From 6f0ef966248a7e79e26388ff76eed900e87ffe44 Mon Sep 17 00:00:00 2001
From: Gertjan van den Burg <gertjanvandenburg@gmail.com>
Date: Mon, 19 Aug 2019 18:28:19 +0100
Subject: Unify ``get_paper_info``

---
 arxiv2remarkable.py | 164 ++++++++++++++++++++++++----------------------------
 1 file changed, 75 insertions(+), 89 deletions(-)

diff --git a/arxiv2remarkable.py b/arxiv2remarkable.py
index bf999fb..01ab273 100755
--- a/arxiv2remarkable.py
+++ b/arxiv2remarkable.py
@@ -45,6 +45,10 @@ RM_HEIGHT = 1872
 class Provider(metaclass=abc.ABCMeta):
     """ ABC for providers of pdf sources """
 
+    meta_author_key = "citation_author"
+    meta_title_key = "citation_title"
+    meta_date_key = "citation_date"
+
     def __init__(
         self,
         verbose=False,
@@ -97,9 +101,47 @@ class Provider(metaclass=abc.ABCMeta):
     def retrieve_pdf(self, src, filename):
         """ Download pdf from src and save to filename """
 
-    @abc.abstractmethod
-    def get_paper_info(self, src):
+    def _format_authors(self, soup_authors, sep=",", idx=0, op=None):
+        op = (lambda x: x) if op is None else op
+        # format the author list retrieved by bs4
+        return [x.strip().split(sep)[idx].strip() for x in op(soup_authors)]
+
+    def get_authors(self, soup):
+        authors = [
+            x["content"]
+            for x in soup.find_all("meta", {"name": self.meta_author_key})
+        ]
+        return self._format_authors(authors)
+
+    def get_title(self, soup):
+        target = soup.find_all("meta", {"name": self.meta_title_key})

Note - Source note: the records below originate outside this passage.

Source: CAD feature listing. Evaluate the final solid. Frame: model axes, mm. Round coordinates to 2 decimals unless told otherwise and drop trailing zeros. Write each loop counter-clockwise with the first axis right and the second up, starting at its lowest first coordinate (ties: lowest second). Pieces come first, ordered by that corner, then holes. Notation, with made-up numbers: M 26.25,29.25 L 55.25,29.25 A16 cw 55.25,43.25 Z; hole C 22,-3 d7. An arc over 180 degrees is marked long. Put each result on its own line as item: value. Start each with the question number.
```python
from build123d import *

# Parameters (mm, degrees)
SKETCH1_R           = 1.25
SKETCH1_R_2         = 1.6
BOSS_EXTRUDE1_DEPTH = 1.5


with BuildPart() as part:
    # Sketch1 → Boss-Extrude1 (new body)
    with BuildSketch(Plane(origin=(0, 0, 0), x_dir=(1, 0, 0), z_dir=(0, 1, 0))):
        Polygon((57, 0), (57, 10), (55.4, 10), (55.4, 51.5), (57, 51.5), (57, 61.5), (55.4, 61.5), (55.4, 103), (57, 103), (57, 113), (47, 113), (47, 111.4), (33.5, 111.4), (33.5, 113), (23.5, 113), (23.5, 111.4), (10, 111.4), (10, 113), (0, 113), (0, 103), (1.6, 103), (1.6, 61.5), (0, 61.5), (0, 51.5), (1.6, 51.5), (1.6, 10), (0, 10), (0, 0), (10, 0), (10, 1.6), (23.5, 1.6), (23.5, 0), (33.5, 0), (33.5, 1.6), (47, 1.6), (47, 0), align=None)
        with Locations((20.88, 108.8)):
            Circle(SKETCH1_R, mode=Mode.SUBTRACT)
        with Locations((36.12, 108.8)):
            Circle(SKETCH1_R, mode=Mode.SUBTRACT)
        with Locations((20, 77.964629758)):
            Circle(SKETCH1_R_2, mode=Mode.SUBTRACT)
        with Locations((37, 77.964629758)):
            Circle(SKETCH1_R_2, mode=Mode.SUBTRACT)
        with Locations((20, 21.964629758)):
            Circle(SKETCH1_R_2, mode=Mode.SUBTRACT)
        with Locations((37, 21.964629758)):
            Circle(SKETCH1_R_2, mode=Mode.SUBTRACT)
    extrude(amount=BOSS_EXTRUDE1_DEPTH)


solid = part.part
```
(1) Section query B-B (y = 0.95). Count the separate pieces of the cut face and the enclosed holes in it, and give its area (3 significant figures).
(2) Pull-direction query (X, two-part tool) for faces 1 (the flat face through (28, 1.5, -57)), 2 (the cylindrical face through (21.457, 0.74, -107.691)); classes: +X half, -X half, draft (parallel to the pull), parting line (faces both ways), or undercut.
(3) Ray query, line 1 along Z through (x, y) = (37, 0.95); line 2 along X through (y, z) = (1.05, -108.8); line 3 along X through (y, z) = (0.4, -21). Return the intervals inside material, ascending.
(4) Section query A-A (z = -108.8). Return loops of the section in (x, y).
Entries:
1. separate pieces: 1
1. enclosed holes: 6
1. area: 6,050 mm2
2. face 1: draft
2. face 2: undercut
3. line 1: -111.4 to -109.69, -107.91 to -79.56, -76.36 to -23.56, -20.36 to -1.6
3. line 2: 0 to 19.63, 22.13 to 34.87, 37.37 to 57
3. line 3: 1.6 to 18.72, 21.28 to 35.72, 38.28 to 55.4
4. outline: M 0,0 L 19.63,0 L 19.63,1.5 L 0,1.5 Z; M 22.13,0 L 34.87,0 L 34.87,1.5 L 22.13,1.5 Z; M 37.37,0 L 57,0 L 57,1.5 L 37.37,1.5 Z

+        return target[0]["content"]
+
+    def _format_date(self, soup_date):
+        return soup_date
+
+    def get_date(self, soup):
+        date = soup.find_all("meta", {"name": self.meta_date_key})[0][
+            "content"
+        ]
+        return self._format_date(date)
+
+    def get_paper_info(
+        self,
+        src,
+        author_key="citation_author",
+        title_key="citation_title",
+        date_key="citation_date",
+    ):
         """ Retrieve the title/author (surnames)/year information """
+        abs_url, _ = self.get_abs_pdf_urls(src)
+        self.log("Getting paper info")
+        page = self.get_page_with_retry(abs_url)
+        soup = bs4.BeautifulSoup(page, "html.parser")
+        authors = self.get_authors(soup)
+        title = self.get_title(soup)
+        date = self.get_date(soup)
+        return dict(title=title, date=date, authors=authors)
 
     def create_filename(self, info, filename=None):
         """ Generate filename using the info dict or filename if provided """
@@ -363,23 +405,11 @@ class Arxiv(Provider):
         _, pdf_url = self.get_abs_pdf_urls(src)
         self.download_url(pdf_url, filename)
 
-    def get_paper_info(self, src):
-        """ Extract the paper's authors, title, and publication year """
-        abs_url, _ = self.get_abs_pdf_urls(src)
-        self.log("Getting paper info from arXiv")
-        page = self.get_page_with_retry(abs_url)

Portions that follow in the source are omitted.